Fetching kernel-24.7.3-test-amd64.txz: ..[fetch: https://pkg.opnsense.org/FreeBSD:14:amd64/snapshots/sets/kernel-24.7.3-test-amd64.txz.sig: Not Found] failed, no signature found
I already reverted to the zfs snapshot that I set up before my kernel testing earlier this week.
Maybe, my opnsense installation is more broken than I thought.

This means, I can't currently verify anything regarding the TCP timeouts with the -no_sa kernel.

EDIT: Scratch that - changing the mirror works.
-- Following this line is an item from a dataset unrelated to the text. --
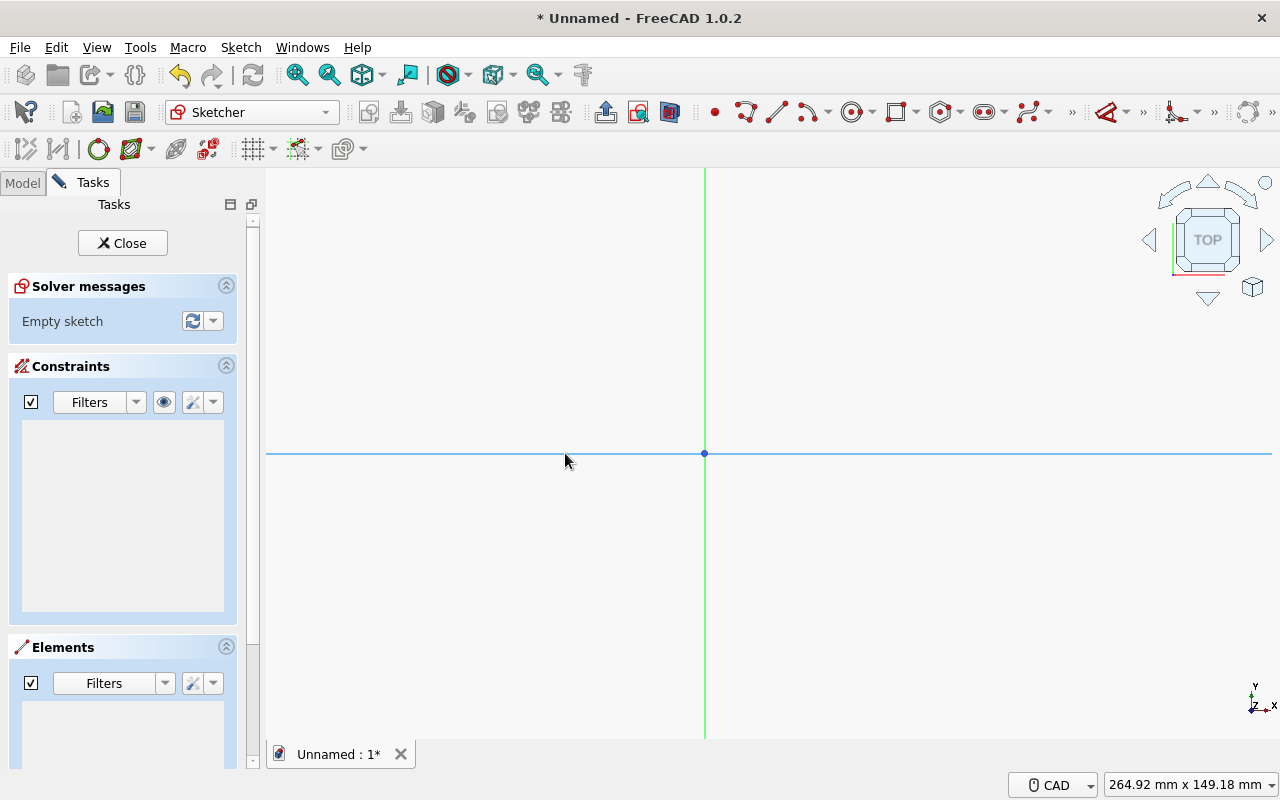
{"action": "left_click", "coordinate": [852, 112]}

I will now also test the -no_sa deeper than before.
#13
I don't run the IGMP Proxy service (actually not even using IGMP at all in my network).

So, I would assume that this is not related.
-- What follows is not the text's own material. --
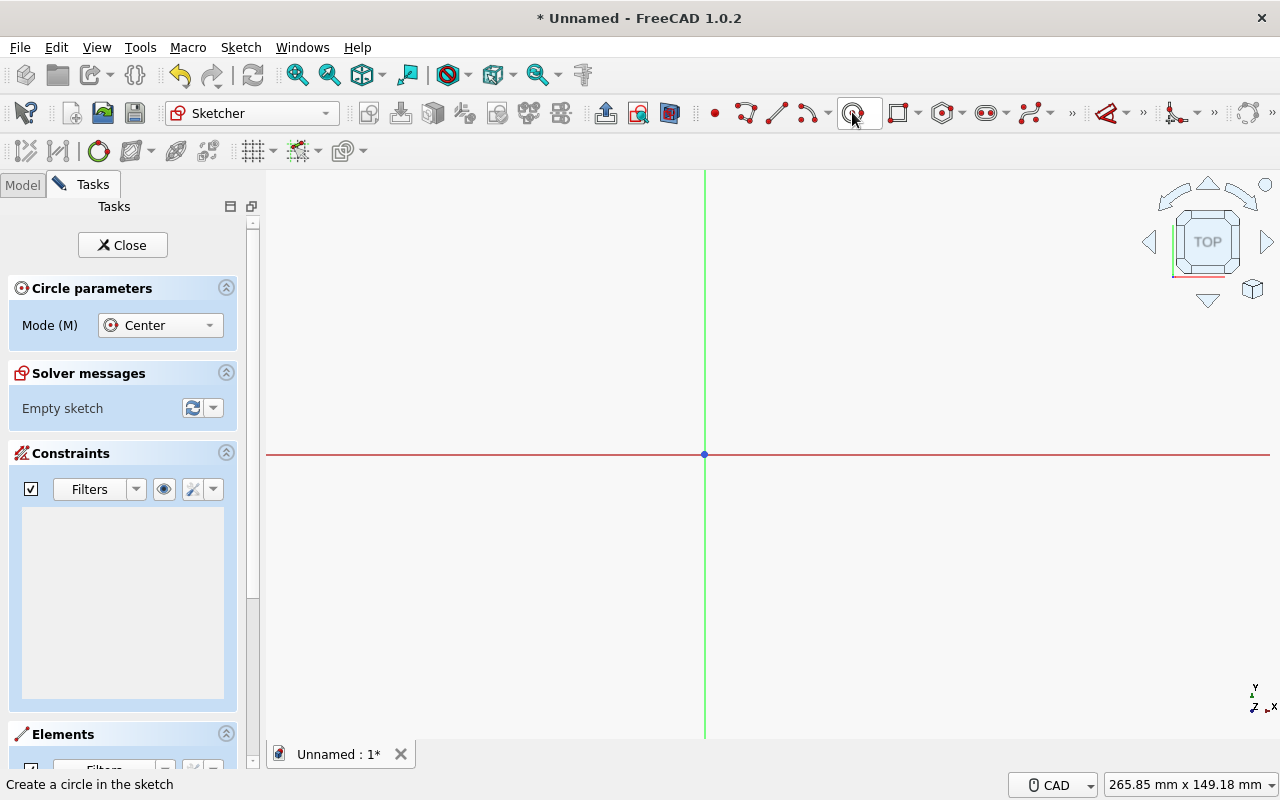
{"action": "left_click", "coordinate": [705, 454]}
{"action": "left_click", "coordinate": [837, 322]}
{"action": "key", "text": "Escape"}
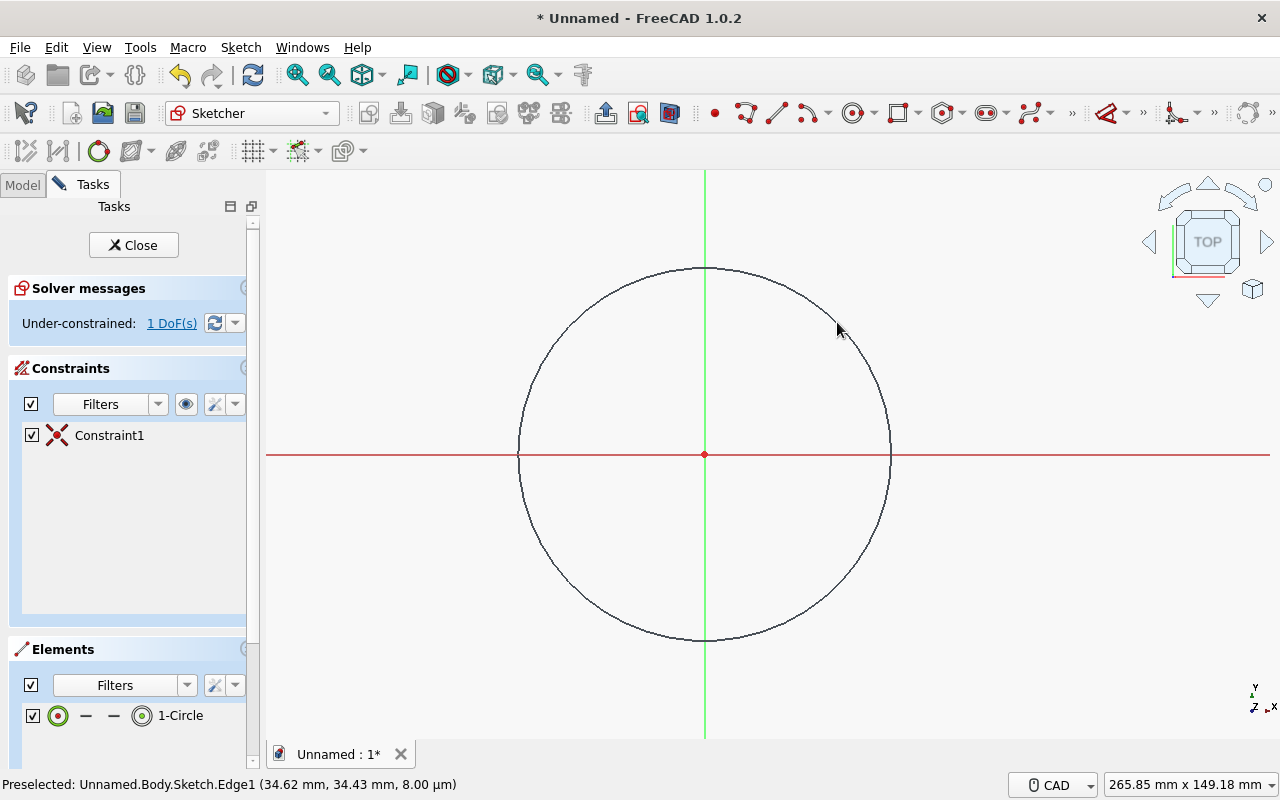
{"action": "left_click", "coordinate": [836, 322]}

As currently the other thread is more active I posted my assumption based on the current testing there just a few moments ago.
But I am very open to switch to this one, if we feel like the "ICMP error message too short (ip6)" logs can be targeted with the full-revert kernel (and are therefore manageble), while the state losses don't seem to be affected by the -no_sa kernel.

P.S. I am also native German speaker, but I think we should keep it international-friendly in this thread :)
#14
Is it possible that the 24.7.3-no_sa kernel is not online anymore? Fetching it times out for me (tried it earlier today and now again.

Anyways: as I said before, I already tried the kernel a few days ago and the TCP state losses (on v4) were still very much a thing even with the -no_sa kernel. I don't have any logs from that run, but the behavior described by Reza sounds like it is still having those problems even with the -no_sa kernel:

Quote from: rkube on September 06, 2024, 06:38:06 PM
Other, but perhaps unproblematic debug messages such as 'pf: loose state match...' and 'pf: dropping packet with ip options' are still often logged if debug logging is enabled.

So I am really not sure what is going on and if it is really the upstream bug.

It's one thing that there are debug messages but a completely different thing to actually experience legitimate packets hitting the FW rule due to the state losses.
If the state loss problems should be treated differently from the ICMP ip6 log messages, I am very open to discuss them in this thread: https://forum.opnsense.org/index.php?topic=42657.0
#15
I tried the experimental kernel beforehand and it did not seem to have an effect (however, I did not check the logs, I only noticed that the TCP was not getting better).

If I have the time, I will do some more detailed testing.